Starwood Hotels confirmed mid-March that it received an “Unsolicited Acquisition Proposal” from the Chinese-led consortium, valuing the group at around $13 billion or $76 per share.
The abrupt withdrawal appears to end a topsy-turvy bidding war that highlights both the newfound muscle of Chinese companies in the high-stakes global business of mergers and acquisitions, and questions surrounding their ability to close such deals.
So far this year, there have been $92 billion of foreign takeovers announced by Chinese companies, according to Dealogic, excluding the erstwhile Anbang bid for Starwood, a pace that far exceeds that of any prior year.
But US regulators still must sign off on many of the deals, and there has been a swirl of political opposition in Washington.
Anbang, an insurance company founded in 2004, has an opaque ownership structure, with multiple layers of holding companies registered across China, the Wall Street Journal reported last week.
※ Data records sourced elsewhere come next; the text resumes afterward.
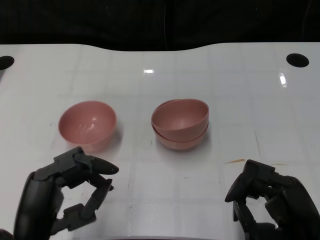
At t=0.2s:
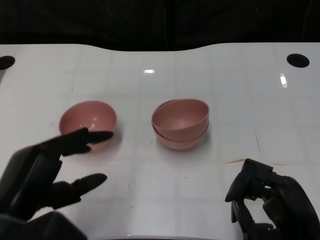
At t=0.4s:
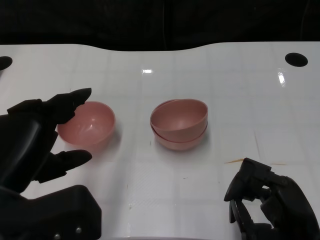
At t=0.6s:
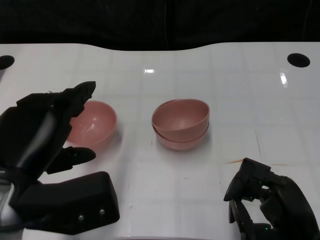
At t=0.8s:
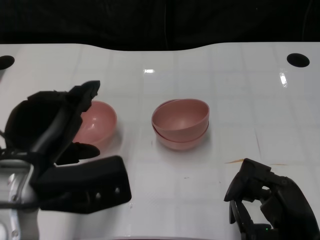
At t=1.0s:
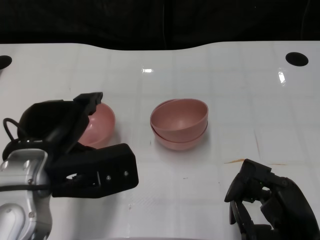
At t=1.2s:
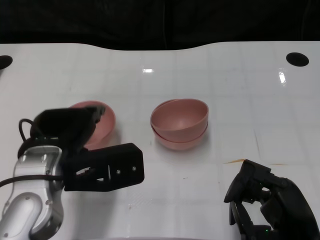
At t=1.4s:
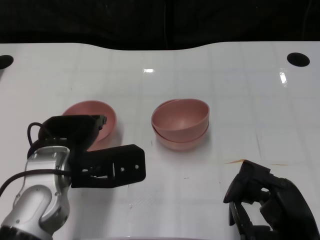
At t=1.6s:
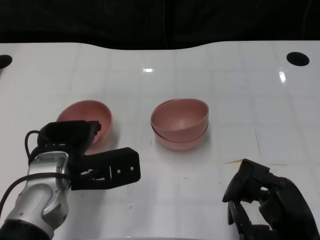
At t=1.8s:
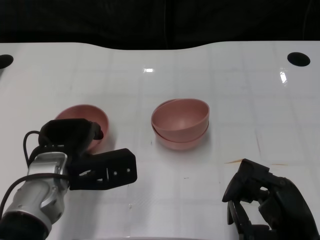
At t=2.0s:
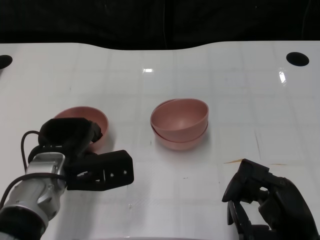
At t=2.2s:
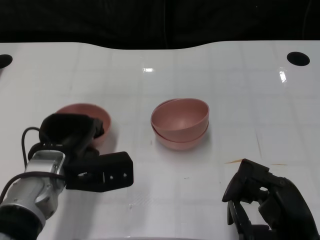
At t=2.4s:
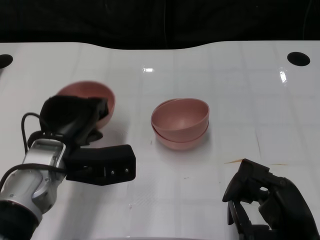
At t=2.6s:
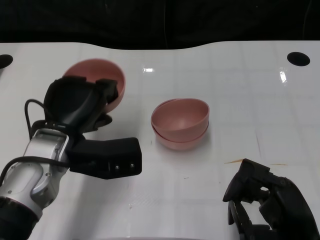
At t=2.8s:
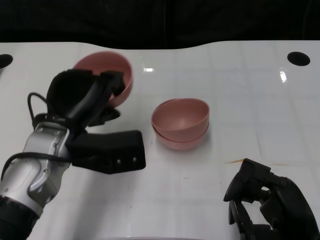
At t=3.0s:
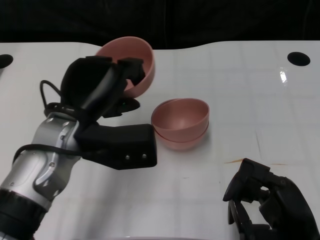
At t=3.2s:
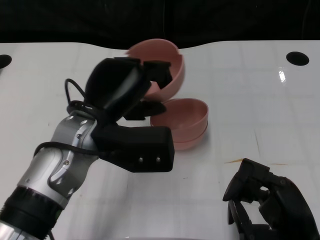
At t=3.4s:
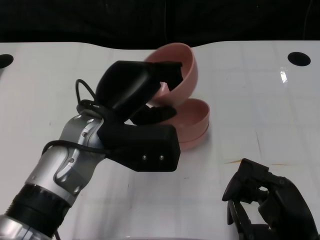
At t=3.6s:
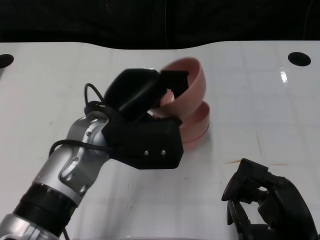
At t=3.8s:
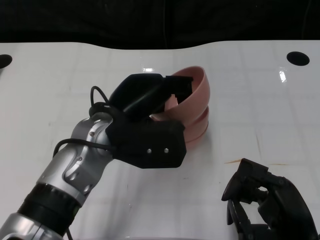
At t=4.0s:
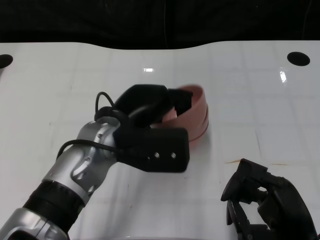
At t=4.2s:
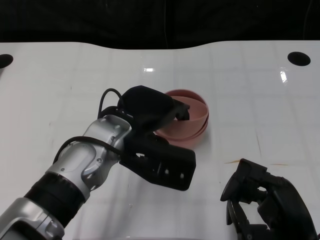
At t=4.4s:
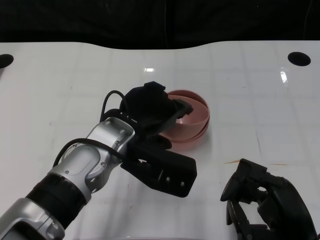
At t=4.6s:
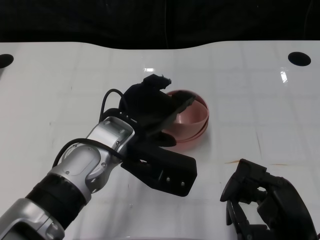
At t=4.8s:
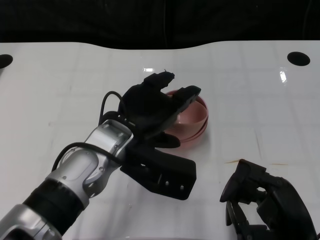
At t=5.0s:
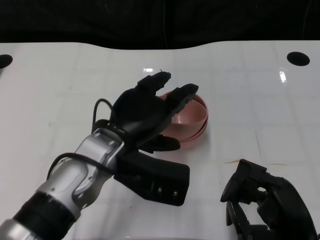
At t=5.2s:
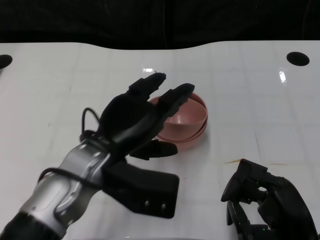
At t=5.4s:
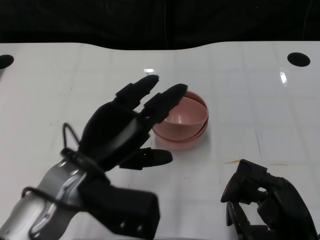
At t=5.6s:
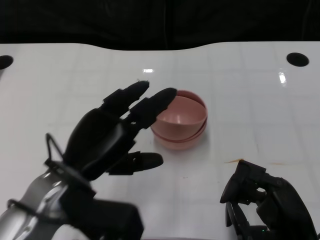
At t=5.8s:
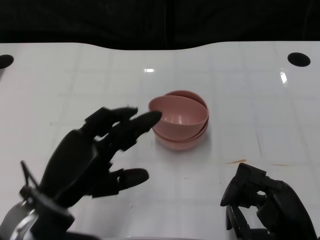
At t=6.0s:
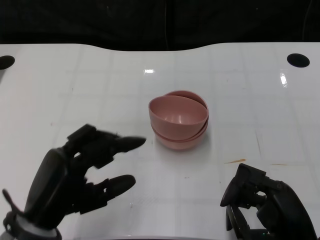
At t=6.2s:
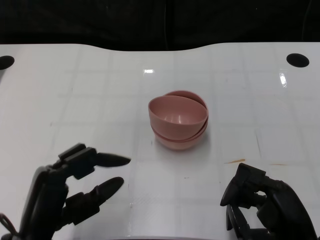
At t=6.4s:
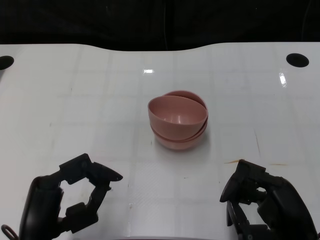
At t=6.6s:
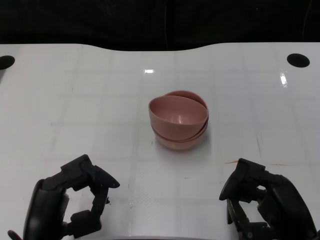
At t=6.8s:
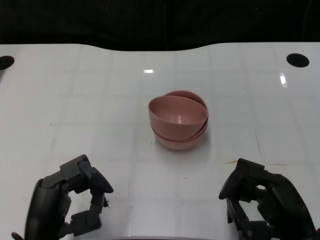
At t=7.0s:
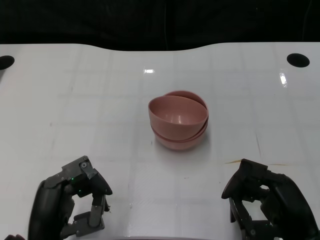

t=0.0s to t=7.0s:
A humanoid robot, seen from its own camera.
Task of the whole recording: Pick up the bowl on one side of the table and place it on top of the middle bowl, then pick up the bowl on the other side of the table and place it on top of the middle bowls.
Step, t=0.0s to t=2.2s: Grasp the bowl on the left with the left gripper.
Step, t=2.4s to t=5.4s: Place the bowl on the left onto the bowl in the middle with left gripper.
t=0.0s to t=1.4s: The left hand heads forward, covering some 10 cm.
t=2.8s to t=4.2s: The left hand shifts roughly 5 cm to the right.
t=4.2s to t=5.6s: The left hand travels to the left and backward by about 10 cm.
t=5.6s to t=7.0s: The left hand heads backward and downward, covering about 10 cm.

Some insurance analysts have warned that the company’s recent acquisition spree, which includes paying nearly $2 billion for the Waldorf Astoria hotel in Manhattan, could be straining its balance sheet, and it is unclear whether Chinese authorities approve of it.
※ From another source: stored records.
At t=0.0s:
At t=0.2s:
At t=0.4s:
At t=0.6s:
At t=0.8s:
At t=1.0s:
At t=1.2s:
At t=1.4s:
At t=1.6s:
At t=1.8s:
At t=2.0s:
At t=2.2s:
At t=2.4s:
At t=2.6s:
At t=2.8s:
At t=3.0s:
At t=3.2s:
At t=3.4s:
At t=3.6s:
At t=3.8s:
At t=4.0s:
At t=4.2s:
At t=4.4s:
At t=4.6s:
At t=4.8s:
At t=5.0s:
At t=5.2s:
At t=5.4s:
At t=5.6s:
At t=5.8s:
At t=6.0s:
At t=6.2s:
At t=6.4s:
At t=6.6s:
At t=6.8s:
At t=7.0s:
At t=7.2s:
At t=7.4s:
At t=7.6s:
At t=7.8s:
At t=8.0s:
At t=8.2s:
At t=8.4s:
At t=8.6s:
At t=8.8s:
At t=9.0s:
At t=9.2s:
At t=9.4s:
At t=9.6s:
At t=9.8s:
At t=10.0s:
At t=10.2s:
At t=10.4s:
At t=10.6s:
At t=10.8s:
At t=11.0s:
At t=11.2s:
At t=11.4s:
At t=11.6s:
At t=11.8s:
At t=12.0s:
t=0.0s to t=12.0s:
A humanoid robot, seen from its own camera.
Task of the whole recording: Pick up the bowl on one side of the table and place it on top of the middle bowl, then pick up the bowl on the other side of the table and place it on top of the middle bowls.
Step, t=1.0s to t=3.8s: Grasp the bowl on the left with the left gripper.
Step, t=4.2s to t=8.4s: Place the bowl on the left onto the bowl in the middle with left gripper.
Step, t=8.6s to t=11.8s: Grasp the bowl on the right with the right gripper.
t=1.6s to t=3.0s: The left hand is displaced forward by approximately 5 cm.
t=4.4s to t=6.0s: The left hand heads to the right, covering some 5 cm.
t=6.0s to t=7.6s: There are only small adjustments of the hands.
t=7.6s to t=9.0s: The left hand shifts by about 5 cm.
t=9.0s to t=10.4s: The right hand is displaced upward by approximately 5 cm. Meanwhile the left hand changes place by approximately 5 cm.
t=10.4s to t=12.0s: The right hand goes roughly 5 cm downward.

Starwood will now stick with Marriott’s most recent offer, a cash-and-stock bid currently worth $77.94 per share. At the new price, Anbang effectively forced Marriott to pay more than $1 billion extra for Starwood.
Under the revised Marriott deal, Starwood shareholders would receive $21 in cash and 0.8 Marriott share for each Starwood share. Marriott and Starwood stockholders are scheduled to vote on the transaction on April 8. If approved by regulators and shareholders, the deal could close in mid-2016, the companies have said.
Marriott hopes to double in size as a result of the merger. The proposed merger will see the combined group have over 123,000 opened or signed rooms when Marriott’s 61,000 open rooms join with Starwood’s 40,500 open rooms, and the combined pipeline totals 21,500 rooms.